Freude bei den Empfängern des sogenannen Bürgergeldes…

…dürfte bald aufkommen angesichts der Einigung der Unterhändler des Europaparlaments und der EU-Staaten darüber, dass „Produkte vom Markt verbannt und an den Grenzen beschlagnahmt werden sollen, wenn festgestellt wurde, dass Zwangsarbeit eingesetzt wurde.“ (dpa – zit. n. Hellweger Anzeiger vom 6. März 2024, S. 6) Warum? Laut dem Übereinkommen über Zwangs- oder Pflichtarbeit der International Labour Organization von 1930, Art. 2, Abs. 1, das am 1. Mai 1932 in Kraft trat, gilt als „‚Zwangs- oder Pflichtarbeit‘ im Sinne dieses Übereinkommens […] jede Art von Arbeit oder Dienstleistung, die von einer Person unter Androhung irgendeiner Strafe verlangt wird und für die sie sich nicht freiwillig zur Verfügung gestellt hat.“ (Deutschland hat dies ratifizierts. auch hier) – Also müssen Produkte, die aus Arbeit hervorgehen, die Empfänger von Sozialleistungen unfreiwillig ausüben und nur, um Sanktionen zu entgehen, „vom Markt verbannt werden“. – Welcher Unternehmer will das Risiko schon eingehen?

Thomas Loer

Die lange Denktradition der „Arbeitspflicht aller Arbeitsfähigen“ als „Grundgesetz der sozialisierten Gesellschaft“ – so August Bebel…

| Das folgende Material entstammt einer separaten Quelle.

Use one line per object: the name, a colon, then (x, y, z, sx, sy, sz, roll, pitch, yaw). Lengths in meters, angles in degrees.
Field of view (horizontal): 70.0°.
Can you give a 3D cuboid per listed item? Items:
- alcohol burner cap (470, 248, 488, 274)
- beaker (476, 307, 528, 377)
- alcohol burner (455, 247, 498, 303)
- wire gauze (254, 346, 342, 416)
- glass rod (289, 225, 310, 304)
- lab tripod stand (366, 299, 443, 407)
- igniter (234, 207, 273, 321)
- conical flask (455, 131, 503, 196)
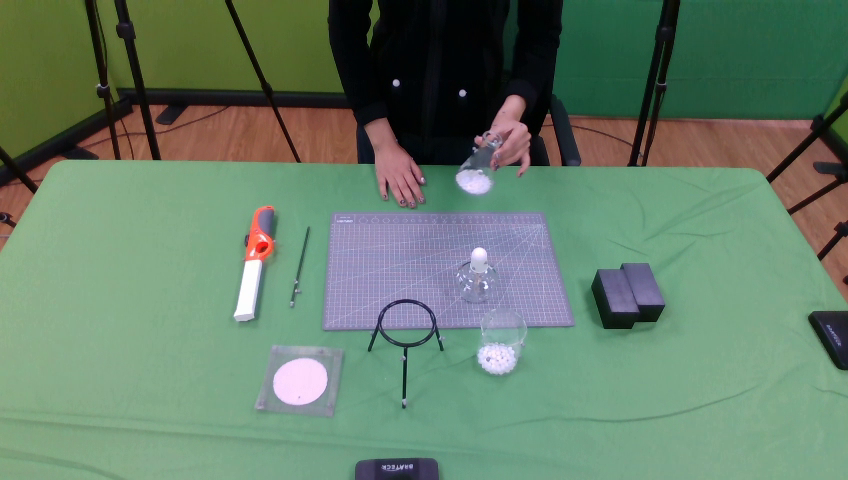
alcohol burner cap: (0.095, 0.034, 1.057, 0.034, 0.048, 0.033, -3, 53, 4)
beaker: (0.122, 0.171, 0.991, 0.084, 0.101, 0.073, -34, 56, -31)
alcohol burner: (0.095, 0.057, 1.085, 0.078, 0.120, 0.077, 1, 47, -1)
wire gauze: (-0.201, 0.223, 0.978, 0.125, 0.011, 0.121, 4, 45, 1)
glass rod: (-0.235, 0.043, 1.150, 0.008, 0.008, 0.198, 3, 46, -1)
lab tripod stand: (-0.028, 0.165, 0.960, 0.148, 0.132, 0.147, 3, 44, -2)
igniter: (-0.318, 0.035, 1.137, 0.057, 0.025, 0.274, -7, 46, 3)
conical flask: (0.110, -0.147, 1.134, 0.075, 0.122, 0.075, 9, 50, -11)
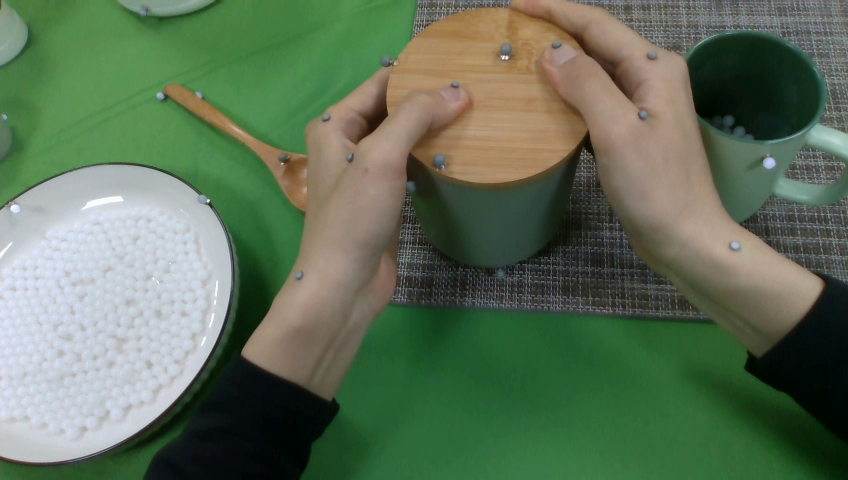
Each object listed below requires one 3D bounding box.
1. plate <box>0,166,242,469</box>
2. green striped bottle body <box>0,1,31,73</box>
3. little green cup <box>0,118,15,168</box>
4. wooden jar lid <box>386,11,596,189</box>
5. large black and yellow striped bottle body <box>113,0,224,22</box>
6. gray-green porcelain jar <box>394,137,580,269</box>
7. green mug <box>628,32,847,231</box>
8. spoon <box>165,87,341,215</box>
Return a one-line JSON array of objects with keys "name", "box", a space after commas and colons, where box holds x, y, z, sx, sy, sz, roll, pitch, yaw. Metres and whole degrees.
[{"name": "plate", "box": [-0.222, 0.048, 0.413, 0.209, 0.038, 0.207, -2, 66, 5]}, {"name": "green striped bottle body", "box": [-0.387, -0.195, 0.489, 0.063, 0.120, 0.062, -2, 66, 6]}, {"name": "little green cup", "box": [-0.363, -0.081, 0.481, 0.061, 0.039, 0.061, -2, 65, 5]}, {"name": "wooden jar lid", "box": [0.035, -0.072, 0.319, 0.108, 0.021, 0.107, -2, 68, 5]}, {"name": "large black and yellow striped bottle body", "box": [-0.233, -0.283, 0.476, 0.130, 0.185, 0.130, -2, 66, 5]}, {"name": "gray-green porcelain jar", "box": [0.040, -0.048, 0.374, 0.106, 0.127, 0.105, -2, 64, 5]}, {"name": "green mug", "box": [0.198, -0.057, 0.376, 0.125, 0.106, 0.092, 24, 70, 15]}, {"name": "spoon", "box": [-0.136, -0.076, 0.466, 0.192, 0.022, 0.041, 34, 90, 18]}]
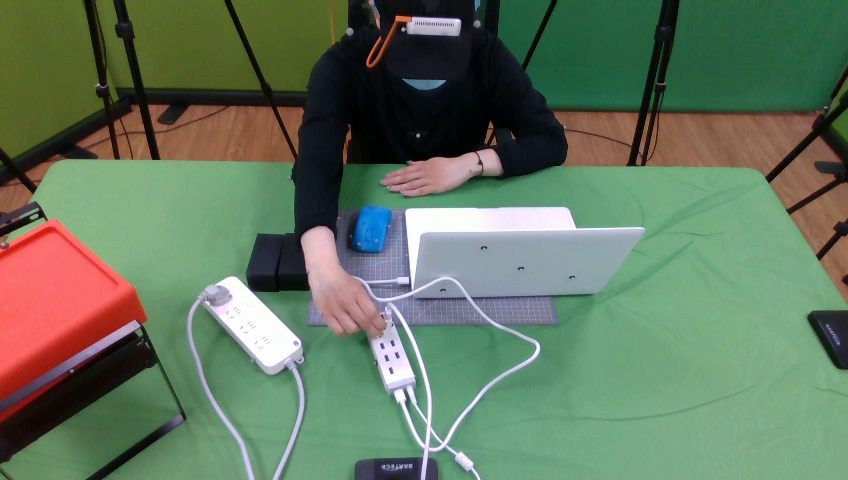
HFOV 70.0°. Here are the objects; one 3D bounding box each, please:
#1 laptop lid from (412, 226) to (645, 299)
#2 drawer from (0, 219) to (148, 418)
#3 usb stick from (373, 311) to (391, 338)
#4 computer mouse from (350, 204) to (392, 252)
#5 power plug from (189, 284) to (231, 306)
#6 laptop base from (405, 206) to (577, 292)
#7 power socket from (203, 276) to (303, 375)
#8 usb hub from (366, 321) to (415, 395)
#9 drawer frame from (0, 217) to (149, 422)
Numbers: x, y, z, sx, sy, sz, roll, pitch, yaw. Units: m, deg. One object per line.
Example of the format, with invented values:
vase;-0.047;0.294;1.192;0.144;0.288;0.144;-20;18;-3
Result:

…in seiner bekannten Schrift „Die Frau und der Sozialismus“, siehe: Bebel, August (1996 [1879]): Die Frau und der Sozialismus. In: Ausgewählte Reden und Schriften, Bd 10/1, S. 597:

„Sobald die Gesellschaft im Besitz aller Arbeitsmittel sich befindet, wird die Arbeitspflicht aller Arbeitsfähigen, ohne Unterschied des Geschlechts, Grundgesetz der sozialisierten Gesellschaft. Die Gesellschaft kann ohne Arbeit nicht existieren. Sie hat also das Recht, zu fordern, daß jeder, der seine Bedürfnisse befriedigen will, auch nach Maßgabe seiner körperlichen und geistigen Fähigkeiten an der Herstellung der Gegenstände zur Befriedigung der Bedürfnisse aller tätig ist. Die alberne Behauptung, die Sozialisten wollten die Arbeit abschaffen, ist ein Widersinn sondergleichen. Nichtarbeiter, Faulenzer gibt’s nur in der bürgerlichen Welt. Der Sozialismus stimmt mit der Bibel darin überein, wenn diese sagt: Wer nicht arbeitet, soll auch nicht essen. Aber die Arbeit soll auch nützliche produktive Tätigkeit sein. Die neue Gesellschaft wird also verlangen, daß jeder eine bestimmte industrielle, gewerbliche, ackerbauliche oder sonstige nützliche Tätigkeit ergreift, durch die er eine bestimmte Arbeitsleistung für die Befriedigung vorhandener Bedürfnisse vollzieht. Ohne Arbeit kein Genuß, keine Arbeit ohne Genuß.“

Die Verengung des Arbeitsbegriffs in Vollendung bietet dieses Zitat und der entscheidende Einspruch gegen diejenigen, die meinen, ein BGE sei sozialistisch. Doch es ist vielmehr die heutige Erwerbszentrierung, die im Geist des Sozialismus fortlebt. Ihre Erhaltung bedarf der Sanktionen, um den „Faulenzern“ Beine zu machen. Wie so häufig, ist das Paulus-Zitat verkürzt, siehe hier. Diese Haltung ist das eigentliche Hemmnis für die Einführung eines BGE, man schaue sich nur an, was Oskar Lafontaine einst zu Sanktionen meinte, wirklich distanziert hat er sich davon meines Wissens nicht.